Lee in the role of Ah Sing – Joe’s lover and a prostitute with aspirations of escaping to a life of respectability – delivered a sweet, contained performance. Despite a soft whistle-like tone and some troubles controlling her vibrato in the upper range, she exhibited a great deal of vocal agility and a warmth with which the audience could comfortably relate.

The opera’s only real vocal disappointments were J’Nai Bridges as Josefa Segovia and Elliot Madore in the role of her partner Ramón. Though the ineffectiveness of their roles may have been partly a function of the protracted periods they spent loitering nervously at the side of the stage (often accompanied by Ned), their vocal performances were largely unremarkable. While Madore’s tone was warm, he had difficulty making his voice carry at lower, more intimate dynamics. For Bridges, her weakness was more a function of lack of personality and variety in her interpretation of the role – a lack which became especially glaring with the awareness that her hanging constituted the climax of the entire opera.

For the most part, the staging of Girls of the Golden West supported the flawed anti-narrative at the opera’s core. Scenery was sparse, with disembodied taverns or living rooms lowered by pulley and rope onto the stage during set changes in full view of the audience. While the vignette-like scenes of Act 1 seemed to coalesce out of the ether of memory, the stage scenery mirrored that sense. When in Act 2 the vignettes merged into a more continuous dark tableaux of whippings, clubbings, and stabbings, the scenery changed to match.

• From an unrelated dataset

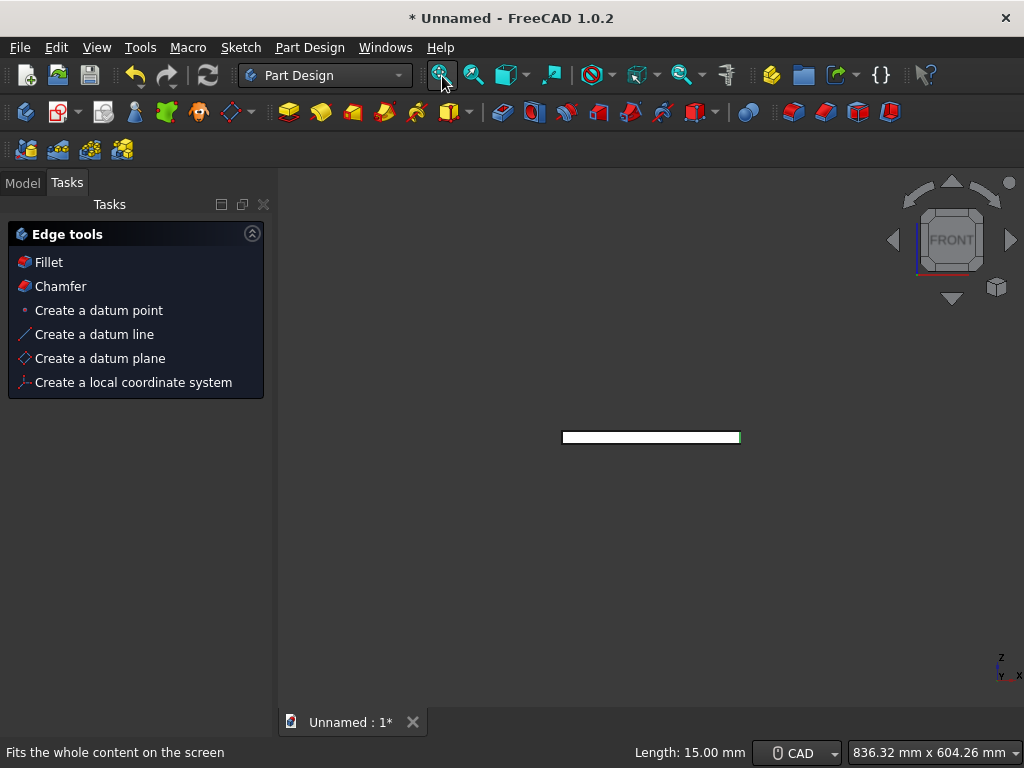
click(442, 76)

Harsh red and blue lighting highlighted the farce of the Fourth of July celebration happening on stage, while piped-in angry mob sound-effects attempted to build a menacing atmosphere. All of this, of course, occurred before (and on top of) our enduring symbol of the miners’ callousness, the omnipresent tree stump. Well, at least when it comes to pounding home his message, no one can accuse Peter Sellars of inconsistency!